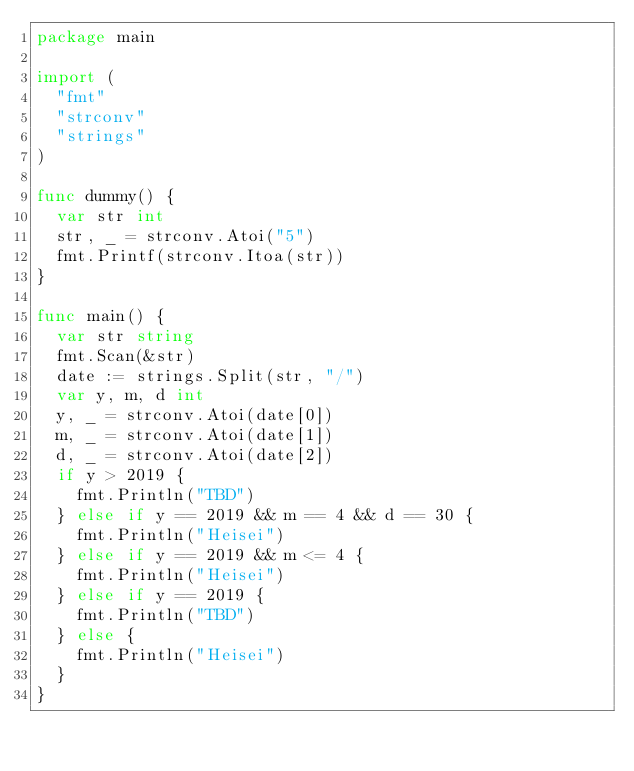<code> <loc_0><loc_0><loc_500><loc_500><_Go_>package main

import (
	"fmt"
	"strconv"
	"strings"
)

func dummy() {
	var str int
	str, _ = strconv.Atoi("5")
	fmt.Printf(strconv.Itoa(str))
}

func main() {
	var str string
	fmt.Scan(&str)
	date := strings.Split(str, "/")
	var y, m, d int
	y, _ = strconv.Atoi(date[0])
	m, _ = strconv.Atoi(date[1])
	d, _ = strconv.Atoi(date[2])
	if y > 2019 {
		fmt.Println("TBD")
	} else if y == 2019 && m == 4 && d == 30 {
		fmt.Println("Heisei")
	} else if y == 2019 && m <= 4 {
		fmt.Println("Heisei")
	} else if y == 2019 {
		fmt.Println("TBD")
	} else {
		fmt.Println("Heisei")
	}
}
</code> 
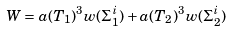Convert formula to latex. <formula><loc_0><loc_0><loc_500><loc_500>W = a ( T _ { 1 } ) ^ { 3 } w ( \Sigma _ { 1 } ^ { i } ) + a ( T _ { 2 } ) ^ { 3 } w ( \Sigma _ { 2 } ^ { i } )</formula> 
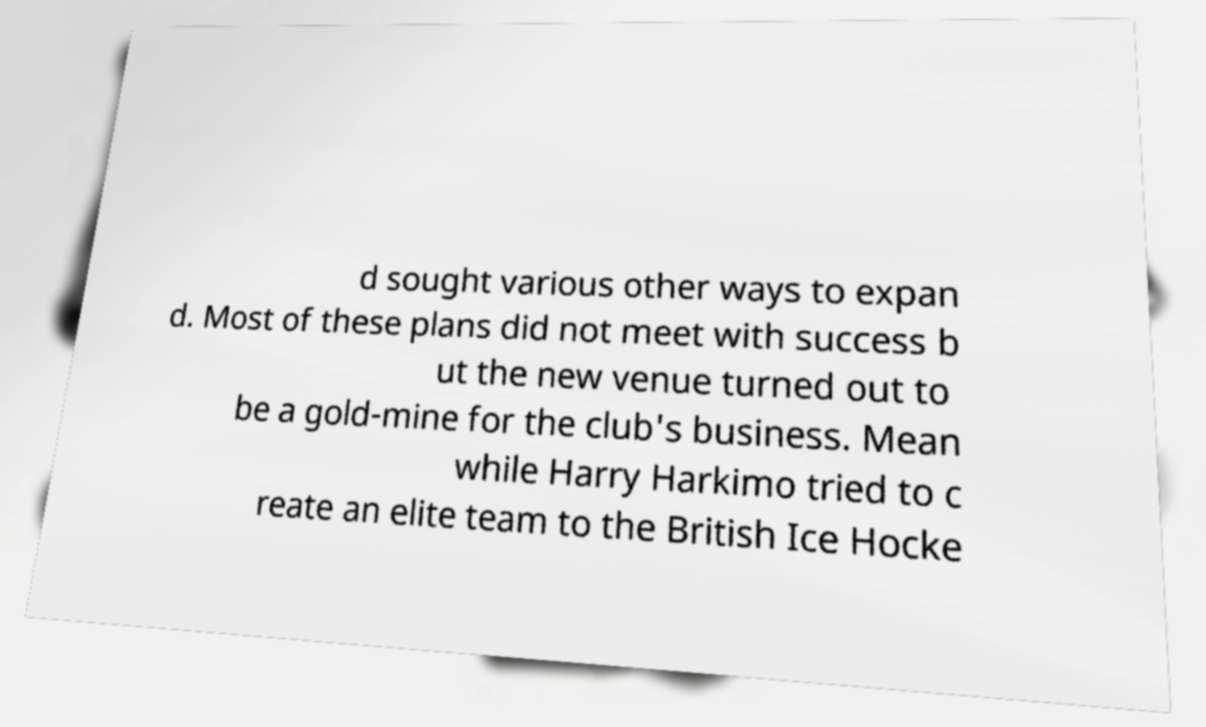Could you assist in decoding the text presented in this image and type it out clearly? d sought various other ways to expan d. Most of these plans did not meet with success b ut the new venue turned out to be a gold-mine for the club's business. Mean while Harry Harkimo tried to c reate an elite team to the British Ice Hocke 
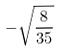Convert formula to latex. <formula><loc_0><loc_0><loc_500><loc_500>- \sqrt { \frac { 8 } { 3 5 } }</formula> 
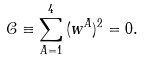<formula> <loc_0><loc_0><loc_500><loc_500>\mathcal { C } \equiv \sum _ { A = 1 } ^ { 4 } \, ( w ^ { A } ) ^ { 2 } = 0 .</formula> 
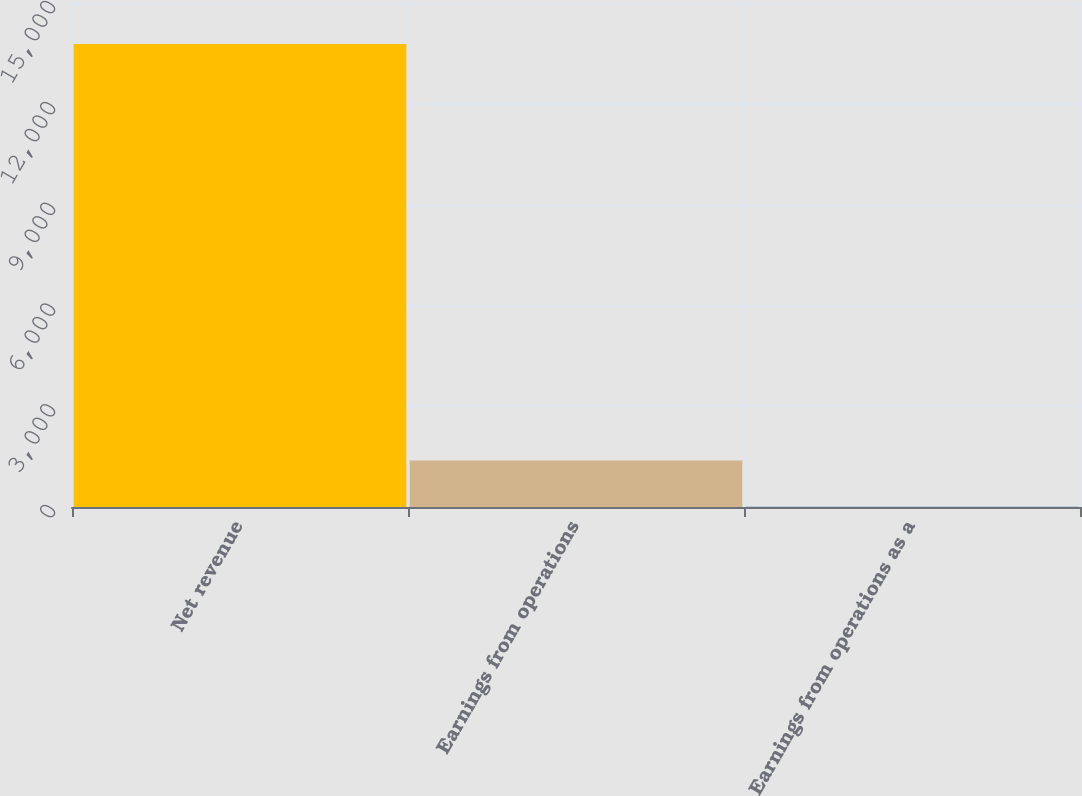Convert chart to OTSL. <chart><loc_0><loc_0><loc_500><loc_500><bar_chart><fcel>Net revenue<fcel>Earnings from operations<fcel>Earnings from operations as a<nl><fcel>13778<fcel>1386.08<fcel>9.2<nl></chart> 
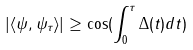Convert formula to latex. <formula><loc_0><loc_0><loc_500><loc_500>| \langle \psi , \psi _ { \tau } \rangle | \geq \cos ( \int ^ { \tau } _ { 0 } \Delta ( t ) d t )</formula> 
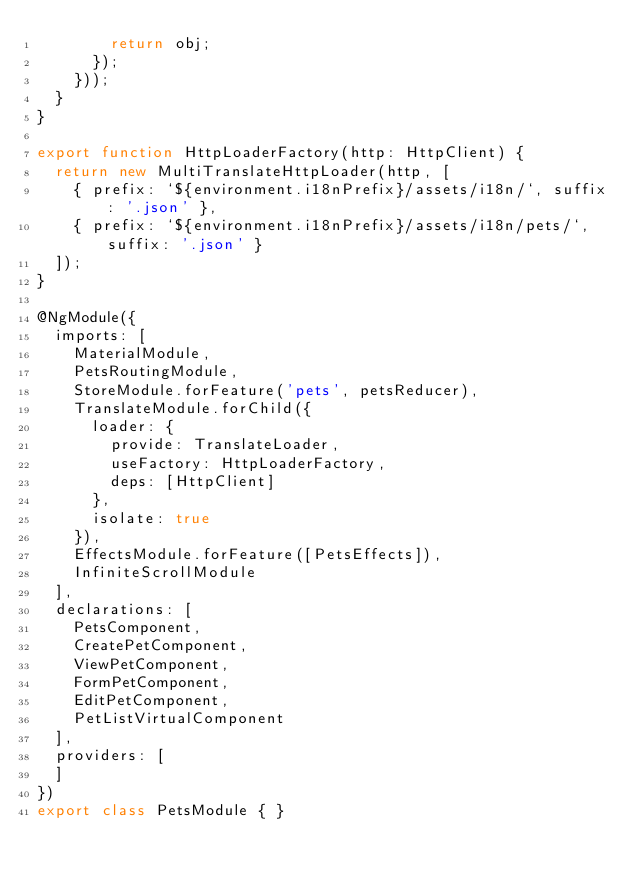Convert code to text. <code><loc_0><loc_0><loc_500><loc_500><_TypeScript_>        return obj;
      });
    }));
  }
}

export function HttpLoaderFactory(http: HttpClient) {
  return new MultiTranslateHttpLoader(http, [
    { prefix: `${environment.i18nPrefix}/assets/i18n/`, suffix: '.json' },
    { prefix: `${environment.i18nPrefix}/assets/i18n/pets/`, suffix: '.json' }
  ]);
}

@NgModule({
  imports: [
    MaterialModule,
    PetsRoutingModule,
    StoreModule.forFeature('pets', petsReducer),
    TranslateModule.forChild({
      loader: {
        provide: TranslateLoader,
        useFactory: HttpLoaderFactory,
        deps: [HttpClient]
      },
      isolate: true
    }),
    EffectsModule.forFeature([PetsEffects]),
    InfiniteScrollModule
  ],
  declarations: [
    PetsComponent,
    CreatePetComponent,
    ViewPetComponent,
    FormPetComponent,
    EditPetComponent,
    PetListVirtualComponent
  ],
  providers: [
  ]
})
export class PetsModule { }


</code> 
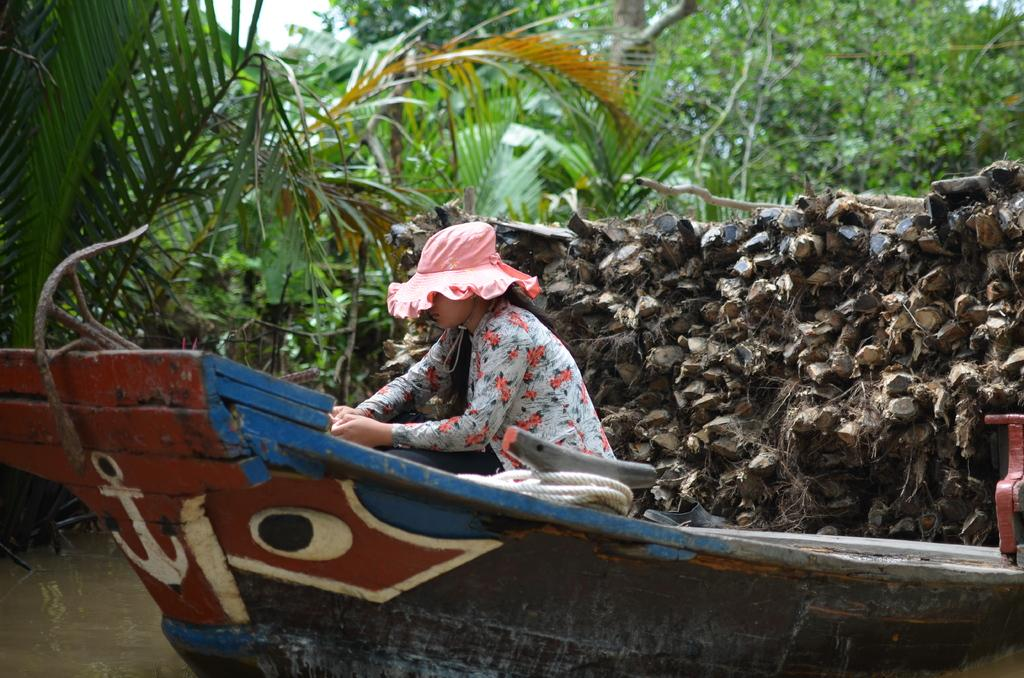Who is the main subject in the image? There is a girl in the image. What is the girl doing in the image? The girl is sitting on the water surface. What can be seen in the background of the image? There are trees and wooden objects visible in the background of the image. What type of hot drink is the girl holding in the image? There is no hot drink visible in the image; the girl is sitting on the water surface.

------------------------------------------------------------

*TASK*:
Repeat all the material above exactly, apart from the pictures.

*TASK OUTPUT*:
<code> <loc_0><loc_0><loc_500><loc_500><_Go_>package main

import (
	"fmt"
	"strconv"
	"strings"
)

func dummy() {
	var str int
	str, _ = strconv.Atoi("5")
	fmt.Printf(strconv.Itoa(str))
}

func main() {
	var str string
	fmt.Scan(&str)
	date := strings.Split(str, "/")
	var y, m, d int
	y, _ = strconv.Atoi(date[0])
	m, _ = strconv.Atoi(date[1])
	d, _ = strconv.Atoi(date[2])
	if y > 2019 {
		fmt.Println("TBD")
	} else if y == 2019 && m == 4 && d == 30 {
		fmt.Println("Heisei")
	} else if y == 2019 && m <= 4 {
		fmt.Println("Heisei")
	} else if y == 2019 {
		fmt.Println("TBD")
	} else {
		fmt.Println("Heisei")
	}
}
</code> 
Convert formula to latex. <formula><loc_0><loc_0><loc_500><loc_500>W = a ( T _ { 1 } ) ^ { 3 } w ( \Sigma _ { 1 } ^ { i } ) + a ( T _ { 2 } ) ^ { 3 } w ( \Sigma _ { 2 } ^ { i } )</formula> 
Could you assist in decoding the text presented in this image and type it out clearly? d sought various other ways to expan d. Most of these plans did not meet with success b ut the new venue turned out to be a gold-mine for the club's business. Mean while Harry Harkimo tried to c reate an elite team to the British Ice Hocke 
Convert formula to latex. <formula><loc_0><loc_0><loc_500><loc_500>- \sqrt { \frac { 8 } { 3 5 } }</formula> 
<formula> <loc_0><loc_0><loc_500><loc_500>\mathcal { C } \equiv \sum _ { A = 1 } ^ { 4 } \, ( w ^ { A } ) ^ { 2 } = 0 .</formula> 
Convert chart to OTSL. <chart><loc_0><loc_0><loc_500><loc_500><bar_chart><fcel>Net revenue<fcel>Earnings from operations<fcel>Earnings from operations as a<nl><fcel>13778<fcel>1386.08<fcel>9.2<nl></chart> 
Convert formula to latex. <formula><loc_0><loc_0><loc_500><loc_500>| \langle \psi , \psi _ { \tau } \rangle | \geq \cos ( \int ^ { \tau } _ { 0 } \Delta ( t ) d t )</formula> 
Convert code to text. <code><loc_0><loc_0><loc_500><loc_500><_TypeScript_>        return obj;
      });
    }));
  }
}

export function HttpLoaderFactory(http: HttpClient) {
  return new MultiTranslateHttpLoader(http, [
    { prefix: `${environment.i18nPrefix}/assets/i18n/`, suffix: '.json' },
    { prefix: `${environment.i18nPrefix}/assets/i18n/pets/`, suffix: '.json' }
  ]);
}

@NgModule({
  imports: [
    MaterialModule,
    PetsRoutingModule,
    StoreModule.forFeature('pets', petsReducer),
    TranslateModule.forChild({
      loader: {
        provide: TranslateLoader,
        useFactory: HttpLoaderFactory,
        deps: [HttpClient]
      },
      isolate: true
    }),
    EffectsModule.forFeature([PetsEffects]),
    InfiniteScrollModule
  ],
  declarations: [
    PetsComponent,
    CreatePetComponent,
    ViewPetComponent,
    FormPetComponent,
    EditPetComponent,
    PetListVirtualComponent
  ],
  providers: [
  ]
})
export class PetsModule { }


</code> 
Who is the main subject in the image? There is a girl in the image. What is the girl doing in the image? The girl is sitting on the water surface. What can be seen in the background of the image? There are trees and wooden objects visible in the background of the image. What type of hot drink is the girl holding in the image? There is no hot drink visible in the image; the girl is sitting on the water surface.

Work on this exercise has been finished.